=== Begin Enclosure ===

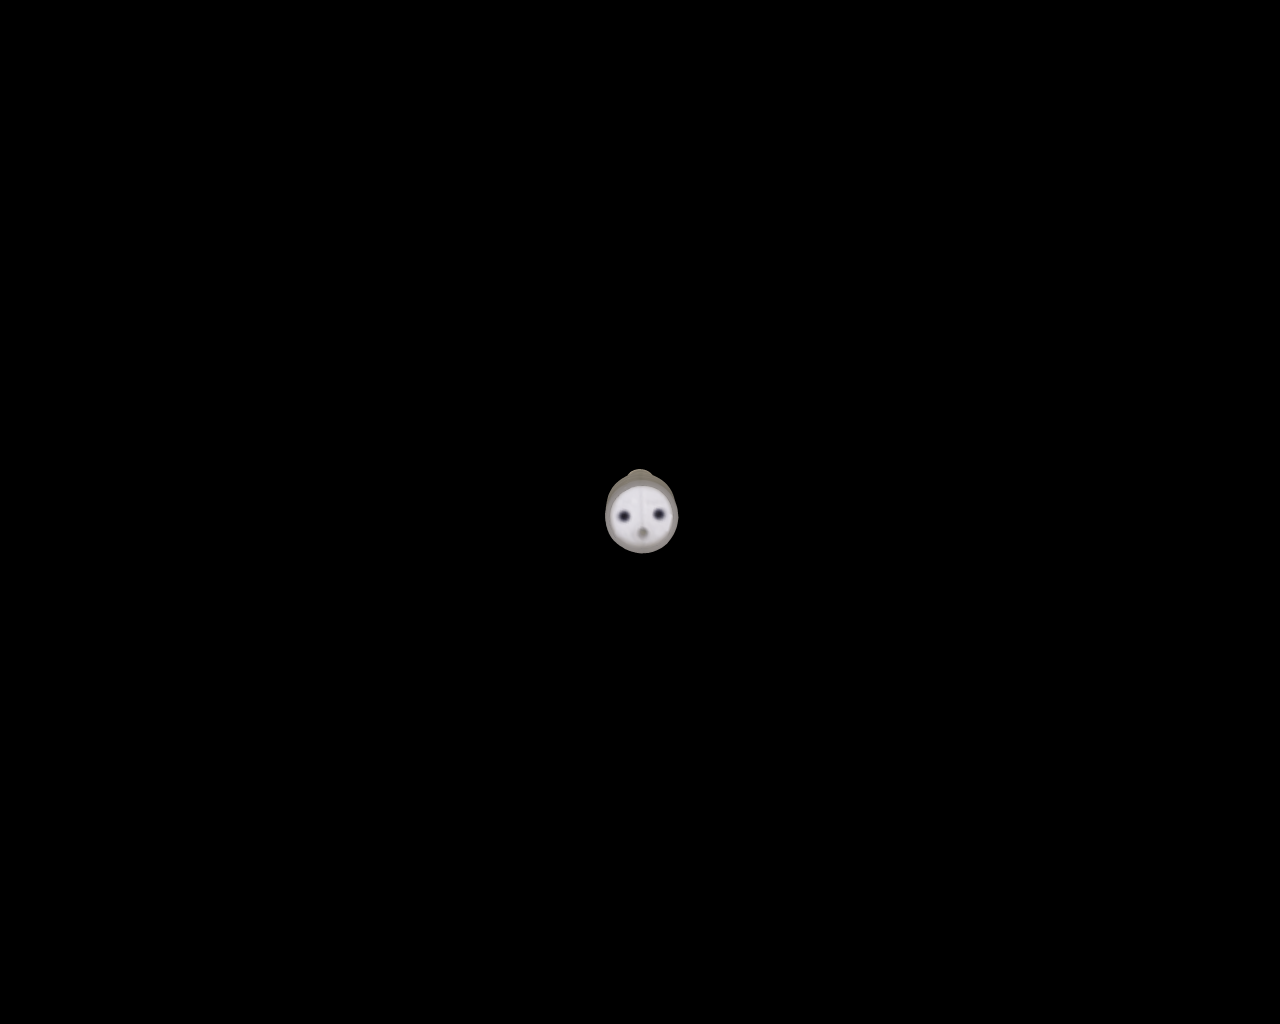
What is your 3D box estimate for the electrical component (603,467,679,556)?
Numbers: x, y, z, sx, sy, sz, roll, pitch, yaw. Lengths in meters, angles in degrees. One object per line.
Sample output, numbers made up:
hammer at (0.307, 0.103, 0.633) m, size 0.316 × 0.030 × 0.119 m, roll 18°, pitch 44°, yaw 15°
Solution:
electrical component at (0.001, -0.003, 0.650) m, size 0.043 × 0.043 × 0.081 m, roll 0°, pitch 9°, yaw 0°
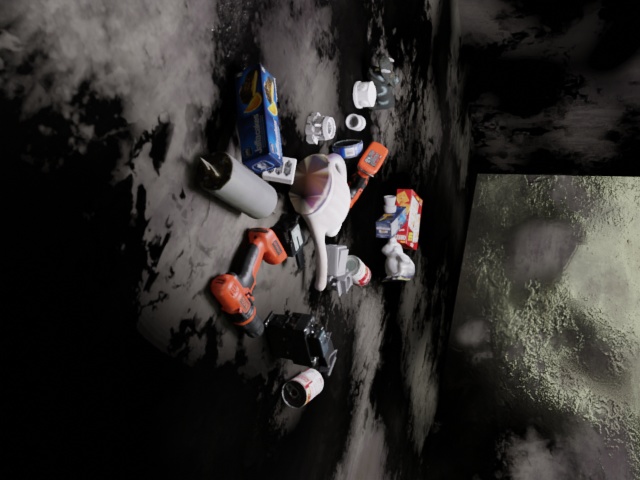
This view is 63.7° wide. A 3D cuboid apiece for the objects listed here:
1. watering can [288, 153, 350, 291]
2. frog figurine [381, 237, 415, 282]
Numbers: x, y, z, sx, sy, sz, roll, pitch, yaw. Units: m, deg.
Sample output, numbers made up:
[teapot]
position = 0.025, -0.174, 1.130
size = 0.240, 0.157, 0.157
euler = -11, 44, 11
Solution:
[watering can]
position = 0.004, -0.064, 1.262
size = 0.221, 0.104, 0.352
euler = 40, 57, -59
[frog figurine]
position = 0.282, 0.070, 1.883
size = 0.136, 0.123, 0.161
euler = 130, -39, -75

=== End Enclosure ===
=== Begin Enclosure ===

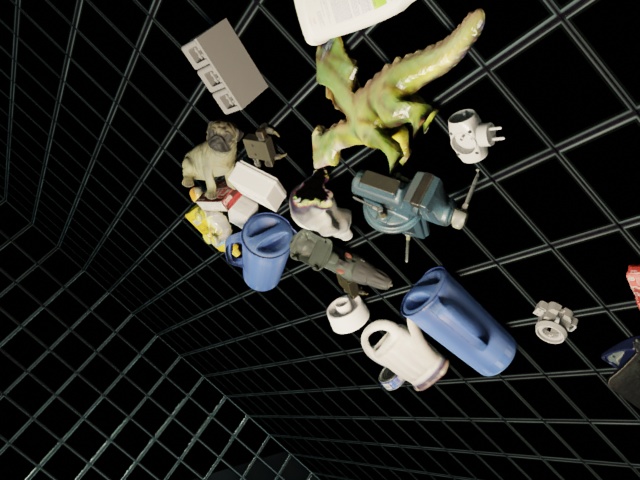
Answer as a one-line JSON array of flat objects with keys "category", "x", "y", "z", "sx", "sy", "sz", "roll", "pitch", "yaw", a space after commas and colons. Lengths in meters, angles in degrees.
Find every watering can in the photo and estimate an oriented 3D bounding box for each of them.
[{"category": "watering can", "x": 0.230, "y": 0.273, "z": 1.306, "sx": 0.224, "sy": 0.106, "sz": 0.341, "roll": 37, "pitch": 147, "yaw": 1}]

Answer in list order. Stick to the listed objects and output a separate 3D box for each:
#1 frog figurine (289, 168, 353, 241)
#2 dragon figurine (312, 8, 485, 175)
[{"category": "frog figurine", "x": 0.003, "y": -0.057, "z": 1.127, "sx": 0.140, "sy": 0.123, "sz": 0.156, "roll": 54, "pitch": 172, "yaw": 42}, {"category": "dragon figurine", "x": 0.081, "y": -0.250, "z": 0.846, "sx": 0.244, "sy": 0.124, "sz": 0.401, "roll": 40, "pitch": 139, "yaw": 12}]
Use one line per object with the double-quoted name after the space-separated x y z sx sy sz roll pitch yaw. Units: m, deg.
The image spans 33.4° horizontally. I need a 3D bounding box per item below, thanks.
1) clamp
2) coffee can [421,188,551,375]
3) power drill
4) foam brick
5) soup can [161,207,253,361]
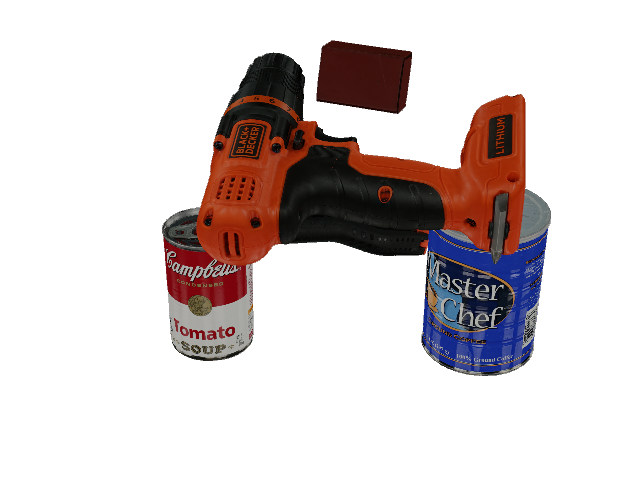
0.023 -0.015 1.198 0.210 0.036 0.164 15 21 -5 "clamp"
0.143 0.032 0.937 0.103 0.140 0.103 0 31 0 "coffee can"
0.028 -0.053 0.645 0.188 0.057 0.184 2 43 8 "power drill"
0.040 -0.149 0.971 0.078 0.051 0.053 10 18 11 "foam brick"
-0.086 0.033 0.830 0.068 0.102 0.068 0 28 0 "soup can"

=== End Enclosure ===
=== Begin Enclosure ===

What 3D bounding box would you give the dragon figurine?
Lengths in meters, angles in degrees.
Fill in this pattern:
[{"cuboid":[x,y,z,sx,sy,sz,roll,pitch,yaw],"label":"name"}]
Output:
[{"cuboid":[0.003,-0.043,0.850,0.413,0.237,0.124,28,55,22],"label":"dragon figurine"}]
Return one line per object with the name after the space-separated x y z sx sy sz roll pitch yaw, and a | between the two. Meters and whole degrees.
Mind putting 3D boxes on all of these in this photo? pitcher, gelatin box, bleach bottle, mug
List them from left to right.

=== End Enclosure ===

Please go line by line through the records above, copying each one that holds the string "objects".

This view is 63.7° wide. A 3D cuboid apiece for the objects listed here:
Answer as a one-line JSON array of flat objects with keys "category", "x", "y", "z", "sx", "sy", "sz", "roll", "pitch", "yaw", a space after commas and colons. Lengths in meters, angles in degrees.
Answer in list order. Stick to the listed objects and output a separate 3D box for each:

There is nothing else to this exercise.